#### Collected data entries
* * * * * * * * *

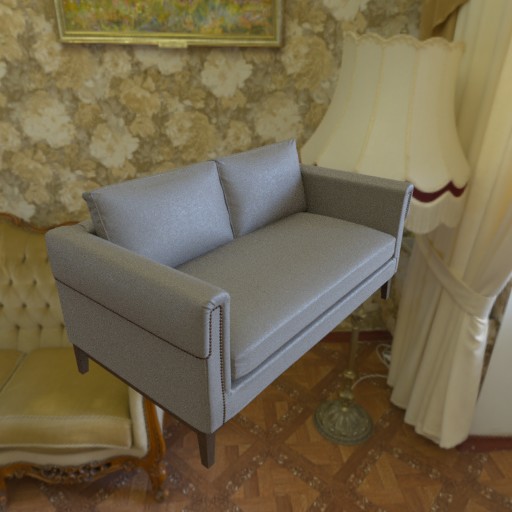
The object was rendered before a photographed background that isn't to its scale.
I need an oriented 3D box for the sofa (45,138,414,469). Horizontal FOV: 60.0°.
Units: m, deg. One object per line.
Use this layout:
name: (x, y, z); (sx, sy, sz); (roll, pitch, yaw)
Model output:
sofa: (0.000, 0.000, 2.145); (0.899, 0.873, 1.598); (19, 31, 35)
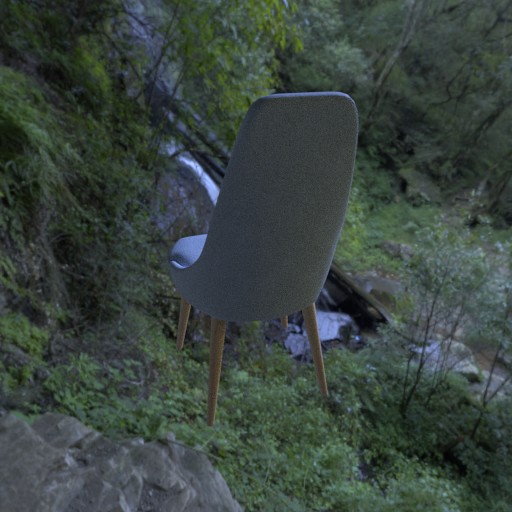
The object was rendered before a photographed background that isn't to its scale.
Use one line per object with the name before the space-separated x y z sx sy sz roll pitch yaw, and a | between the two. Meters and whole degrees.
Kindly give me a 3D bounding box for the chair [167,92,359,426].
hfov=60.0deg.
chair | 0.000 0.000 1.408 0.510 1.040 0.660 -9 28 -17
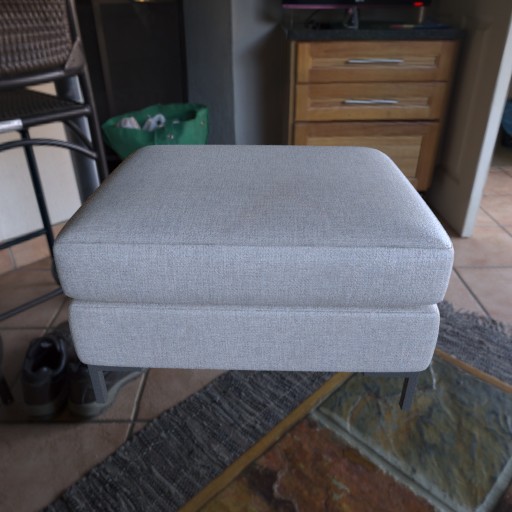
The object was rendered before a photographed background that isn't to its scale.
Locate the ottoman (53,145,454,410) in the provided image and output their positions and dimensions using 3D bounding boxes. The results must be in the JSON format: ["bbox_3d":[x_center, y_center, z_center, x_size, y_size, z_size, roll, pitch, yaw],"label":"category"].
[{"bbox_3d":[0.000,0.000,1.220,0.820,0.490,0.671,1,30,1],"label":"ottoman"}]
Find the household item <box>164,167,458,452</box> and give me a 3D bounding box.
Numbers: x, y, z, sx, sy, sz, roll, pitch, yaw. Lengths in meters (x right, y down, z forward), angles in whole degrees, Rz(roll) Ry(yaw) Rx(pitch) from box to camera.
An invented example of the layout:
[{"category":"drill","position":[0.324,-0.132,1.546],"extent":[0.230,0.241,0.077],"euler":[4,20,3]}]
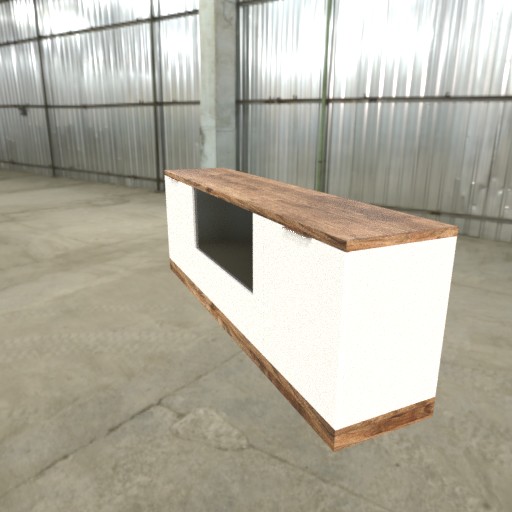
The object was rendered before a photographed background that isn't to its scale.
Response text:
[{"category":"household item","position":[0.000,0.000,2.011],"extent":[0.390,0.615,1.800],"euler":[-8,19,-24]}]
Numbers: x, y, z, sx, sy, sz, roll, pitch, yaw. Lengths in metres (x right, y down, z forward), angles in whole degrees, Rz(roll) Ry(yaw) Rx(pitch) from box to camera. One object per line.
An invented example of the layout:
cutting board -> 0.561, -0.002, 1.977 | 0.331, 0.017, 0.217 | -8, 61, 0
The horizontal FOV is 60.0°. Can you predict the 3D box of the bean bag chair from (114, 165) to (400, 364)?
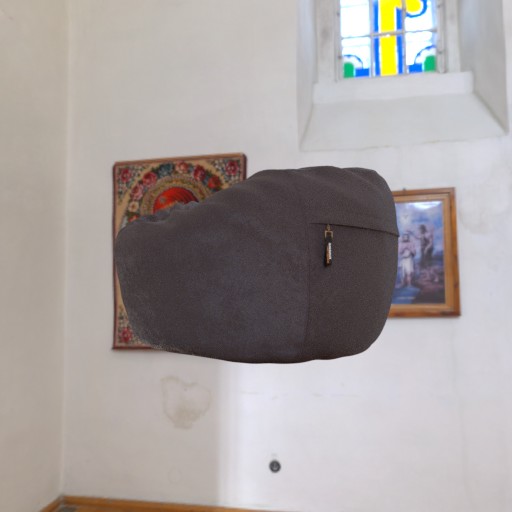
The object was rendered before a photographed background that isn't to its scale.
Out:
bean bag chair -> 0.000, 0.000, 2.053 | 1.245, 0.821, 1.245 | 0, -3, 0
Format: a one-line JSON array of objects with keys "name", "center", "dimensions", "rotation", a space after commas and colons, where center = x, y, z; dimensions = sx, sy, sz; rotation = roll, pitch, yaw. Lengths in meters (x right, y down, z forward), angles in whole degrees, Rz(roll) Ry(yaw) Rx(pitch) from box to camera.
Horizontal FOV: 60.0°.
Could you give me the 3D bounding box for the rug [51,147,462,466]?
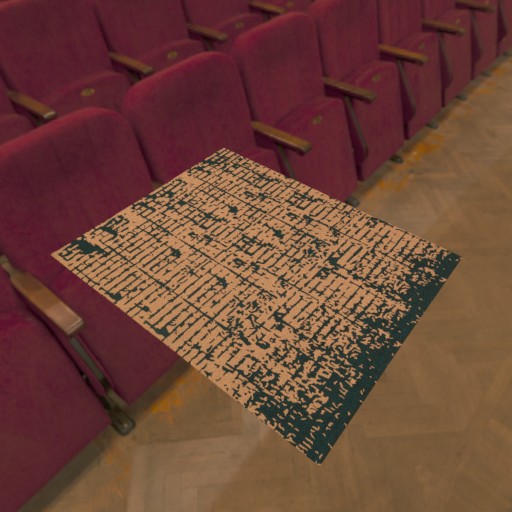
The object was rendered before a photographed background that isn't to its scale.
[{"name": "rug", "center": [0.000, 0.000, 4.157], "dimensions": [3.017, 0.014, 2.416], "rotation": [30, 52, 26]}]

* * * * * * * * *

#### Exercise directions
Omit the pictures. Repeat the rest of the data exactly.

#### Answer space
The object was rendered before a photographed background that isn't to its scale.
I need an oriented 3D box for the sofa (45,138,414,469). Horizontal FOV: 60.0°.
Units: m, deg. One object per line.
Use this layout:
name: (x, y, z); (sx, sy, sz); (roll, pitch, yaw)
Model output:
sofa: (0.000, 0.000, 2.145); (0.899, 0.873, 1.598); (19, 31, 35)
The object was rendered before a photographed background that isn't to its scale.
Use one line per object with the name before the space-separated x y z sx sy sz roll pitch yaw, and a | between the two. Meters and whole degrees.
Kindly give me a 3D bounding box for the chair [167,92,359,426].
hfov=60.0deg.
chair | 0.000 0.000 1.408 0.510 1.040 0.660 -9 28 -17
The object was rendered before a photographed background that isn't to its scale.
Locate the ottoman (53,145,454,410) in the provided image and output their positions and dimensions using 3D bounding boxes. The results must be in the JSON format: ["bbox_3d":[x_center, y_center, z_center, x_size, y_size, z_size, roll, pitch, yaw],"label":"category"].
[{"bbox_3d":[0.000,0.000,1.220,0.820,0.490,0.671,1,30,1],"label":"ottoman"}]
Find the household item <box>164,167,458,452</box> and give me a 3D bounding box.
Numbers: x, y, z, sx, sy, sz, roll, pitch, yaw. Lengths in meters (x right, y down, z forward), angles in whole degrees, Rz(roll) Ry(yaw) Rx(pitch) from box to camera.
An invented example of the layout:
[{"category":"drill","position":[0.324,-0.132,1.546],"extent":[0.230,0.241,0.077],"euler":[4,20,3]}]
The object was rendered before a photographed background that isn't to its scale.
Response text:
[{"category":"household item","position":[0.000,0.000,2.011],"extent":[0.390,0.615,1.800],"euler":[-8,19,-24]}]
Numbers: x, y, z, sx, sy, sz, roll, pitch, yaw. Lengths in metres (x right, y down, z forward), angles in whole degrees, Rz(roll) Ry(yaw) Rx(pitch) from box to camera. One object per line.
An invented example of the layout:
cutting board -> 0.561, -0.002, 1.977 | 0.331, 0.017, 0.217 | -8, 61, 0
The horizontal FOV is 60.0°. Can you predict the 3D box of the bean bag chair from (114, 165) to (400, 364)?
The object was rendered before a photographed background that isn't to its scale.
Out:
bean bag chair -> 0.000, 0.000, 2.053 | 1.245, 0.821, 1.245 | 0, -3, 0
Format: a one-line JSON array of objects with keys "name", "center", "dimensions", "rotation", a space after commas and colons, where center = x, y, z; dimensions = sx, sy, sz; rotation = roll, pitch, yaw. Lengths in meters (x right, y down, z forward), angles in whole degrees, Rz(roll) Ry(yaw) Rx(pitch) from box to camera.
Horizontal FOV: 60.0°.
Could you give me the 3D bounding box for the rug [51,147,462,466]?
The object was rendered before a photographed background that isn't to its scale.
[{"name": "rug", "center": [0.000, 0.000, 4.157], "dimensions": [3.017, 0.014, 2.416], "rotation": [30, 52, 26]}]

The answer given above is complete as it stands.